В лекторской, где меня ждало несколько друзей и знакомых, среди которых был и приглашенный в качестве оппонента Айхенвальд, царило большое волнение: кем–то был пущен слух, что милиция уже оцепляет музей. Озадаченные устроители по телефону выясняли положение. Из зала слышались аплодисменты, топот и даже свистки, знаки недовольства запозданием и жажды скандала.
Когда я вышел на кафедру и увидел круто подымающийся к потолку, до отказа набитый публикой амфитеатр, мне стало страшно, что своими метафизическими размышлениями о политике, трагедии и религии я не только не захвачу, но и сразу же восстановлю против себя почти тысячную массу, в которой лишь кое–где опорными пунктами виднелись знакомые, надежные лица.

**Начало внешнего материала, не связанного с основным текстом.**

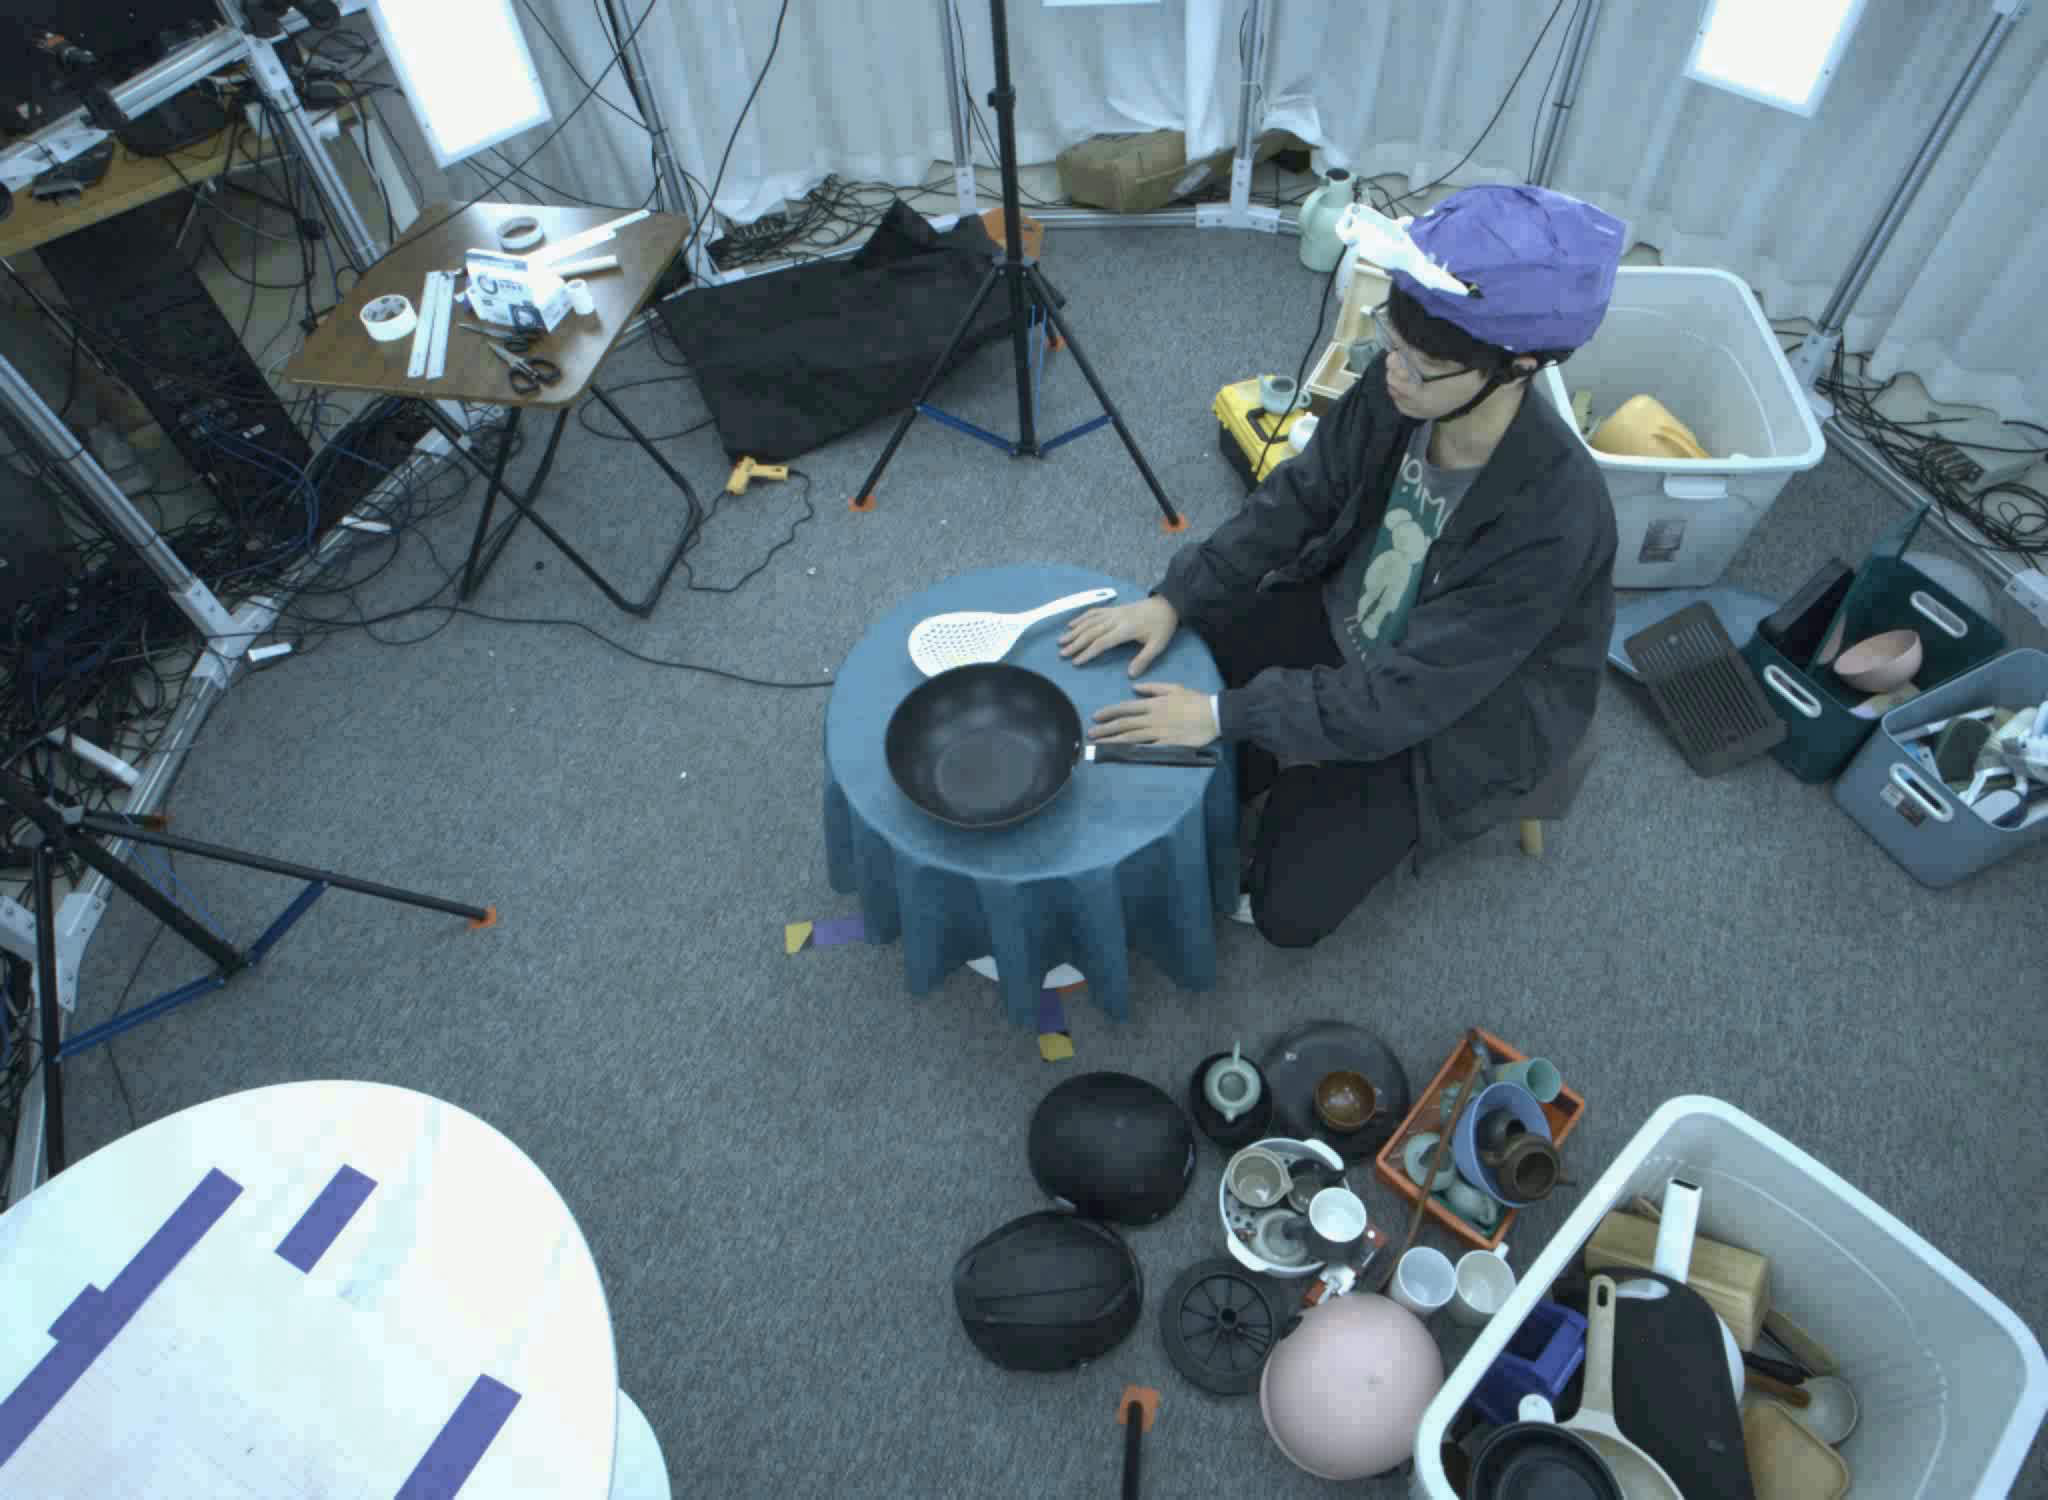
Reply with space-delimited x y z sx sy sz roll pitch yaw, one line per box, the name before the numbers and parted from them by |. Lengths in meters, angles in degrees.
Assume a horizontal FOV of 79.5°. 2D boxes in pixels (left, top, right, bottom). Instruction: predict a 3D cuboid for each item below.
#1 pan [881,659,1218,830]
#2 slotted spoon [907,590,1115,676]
pan | 0.035 0.013 1.718 0.462 0.088 0.286 5 55 4
slotted spoon | -0.010 -0.191 1.891 0.350 0.051 0.134 -24 55 -15

Страх мой оказался напрасным. Весь строй моих мыслей был для публики, которая только и ждала, чтобы обрушиться на меня, как на классового врага, до того непривычен, что она поначалу растерялась. Как «буржую», мне полагалось защищать войну и злопыхательствовать против революции. Я же, переоценивая все привычные ценности и перетасовывая карты, утверждал: «Если бы война не окрылилась революцией, если бы она благополучно докатила свой кровавый груз по заранее предусмотренным путям до предуказанной цели, это было бы прямым доказательством величайшего религиозно–эстетического бессилия народной души. Но этого не случилось. Русская жизнь неожиданно вознеслась на свои вершины. На театре военных действий появился трагический герой — русская революция. Разноцветные знамена войны с начертанными на них лживыми лозунгами были в одно мгновение заменены новыми: черными знаменами немой трагической музы. Так началось святое безумие первых революционных дней, явное безумие во имя несказуемого, тайного смысла».

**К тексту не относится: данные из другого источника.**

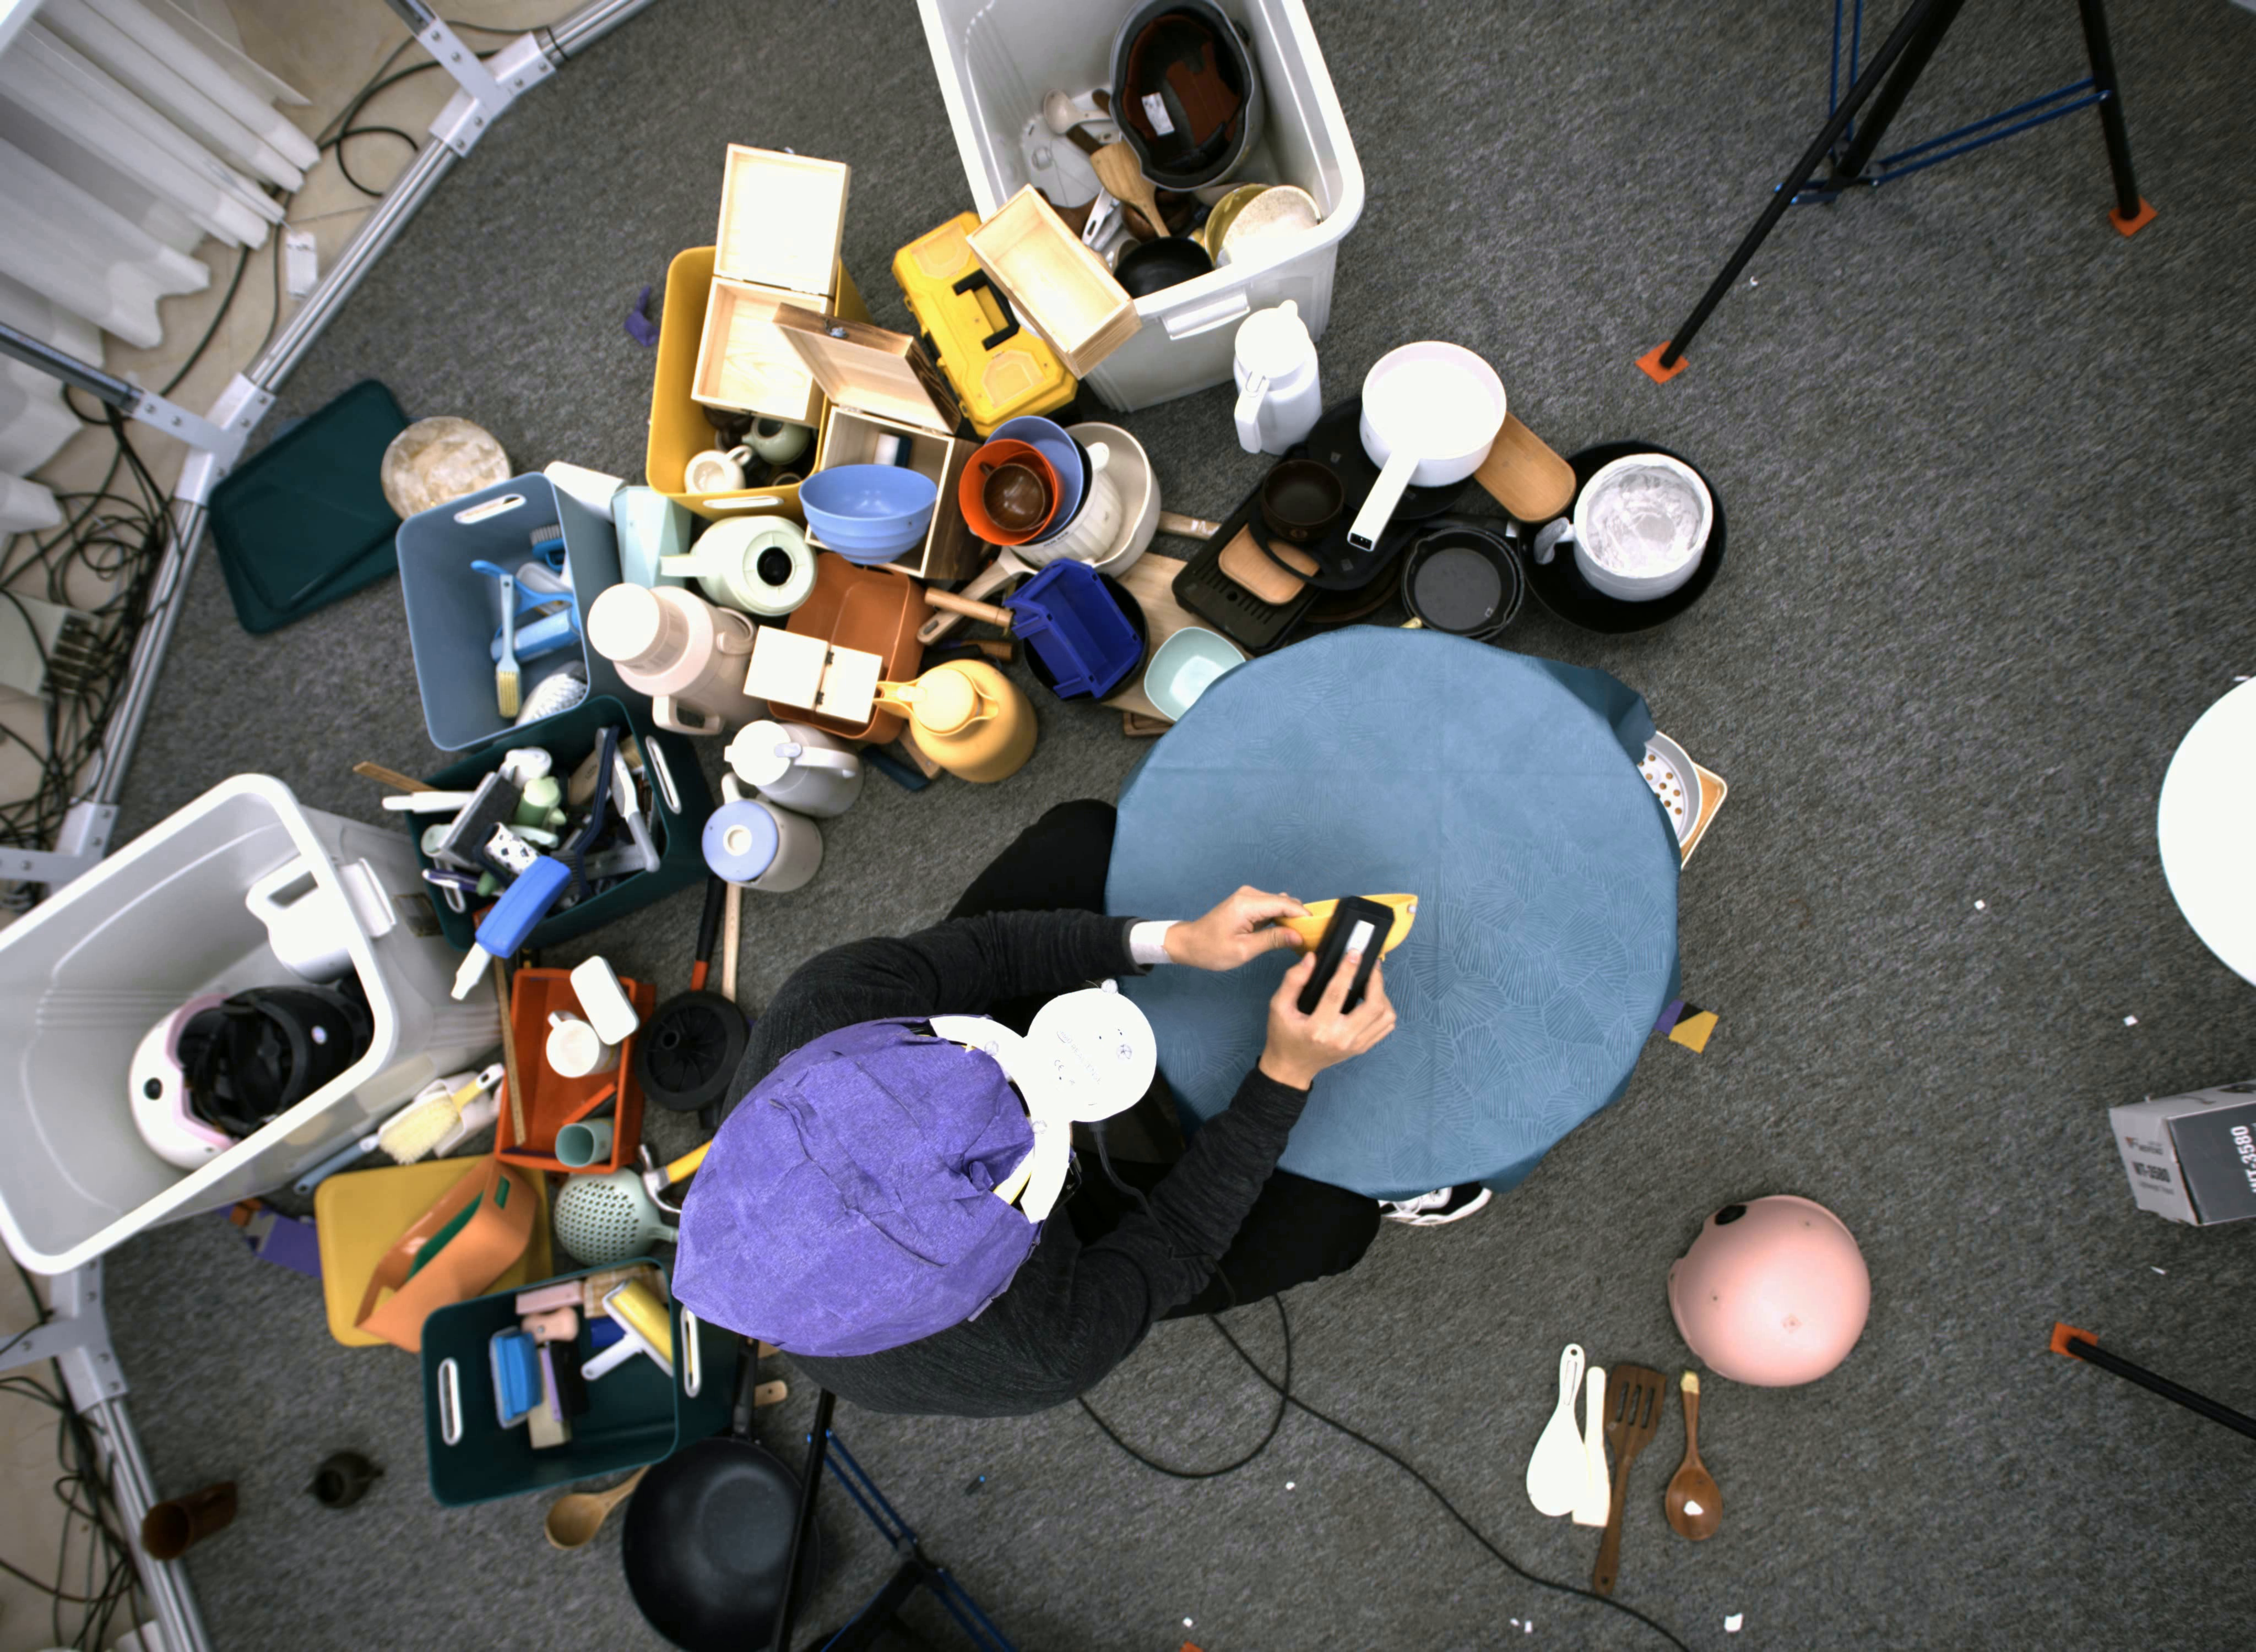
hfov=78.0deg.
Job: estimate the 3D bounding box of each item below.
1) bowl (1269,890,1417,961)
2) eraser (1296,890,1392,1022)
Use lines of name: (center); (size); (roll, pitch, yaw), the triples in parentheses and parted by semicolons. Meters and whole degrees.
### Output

Слушая такие слова о революции и пропуская мимо ушей, что знамена революции у меня не красные, а черные, мои враги как будто бы начали примиряться со мною. Но уже через минуту я продолжал совсем не в их духе: «К сожалению, развитие революции оказалось сплошным предательством ее идеи. Ее идея — взрыв всех исторических смыслов жизни, ее развитие — замена одних смыслов другими; ее идея — взлет на вершины бытия, ее развитие — бытовая суета у подножья этих вершин: ее идея — вся о невозможном, ее развитие — сплошное приспособленчество; ее идея — вещие зеницы, ее развитие — борьба слепых точек зрения; ее идея — шум бездонного моря, ее развитие — искание брода в нем».
Правильно чувствуя в моих противопоставлениях жестокое снижение только что пропетого гимна революции, большевики и их приверженцы все же не улавливали в них привычного им звука контрреволюции. Раздалось лишь несколько не подхваченных массою возмущенных возгласов, и я благополучно окончил свою лекцию, награжденный дружными аплодисментами сочувствующей мне части аудитории.
Начались прения. Первым говорил Айхенвальд. Его речь была защитою «ее величества жизни», простой, обыкновенной и незаслуженно мною «охаянной» во имя отвлеченных идей и эстетических конструкций. Вторым выступал, если не ошибаюсь, Грифцов; что он говорил — не помню, но, во всяком случае, он не взволновал аудитории.
Но вот на кафедру поднялся кто–то вульгарный и злобный, ныне для меня безликий, ничего в лекции не понявший; ловко жонглируя марксистскими терминами, он стал с гнусным чекистским подмигом хлестко разоблачать мой «приправленный боженькой тухлый эстетизм». Во время его речи в аудитории сразу же возникло и быстро начало расти озлобленное раздражение против меня: «Так вот в чем дело, а мы–то не сразу сообразили».
Ругань моего оппонента все чаще стала прерываться аплодисментами и сочувственными возгласами. Мои сторонники шикали, председатель звонил. Но, как всегда, протесты и призывы к порядку только разжигали страсти.
Взойдя на кафедру для заключительного слова я долго не мог начать говорить: часть аудитории свистит и топочет, часть аплодирует. В первых рядах я вижу взволнованную Наташу и нервное, в красных пятнах, лицо Екатерины Димитриевны Кусковой. На самом верху начинается какое–то подозрительное движение. Кто–то распоряжается группою красноармейцев, которые проталкиваются к кафедре. С председательского стола мне подают записку с предложением отказаться от заключительного слова, но я не сдаюсь: где–то в душе еще таится наивная вера в разум и совесть людей. Пользуясь минутным затишьем, я громко и решительно начинаю свою речь, но меня сразу же грубо прерывают солдаты, на мое счастье вопросом: «Да ты не крути, а отвечай товарищу — буржуй ты или нет?»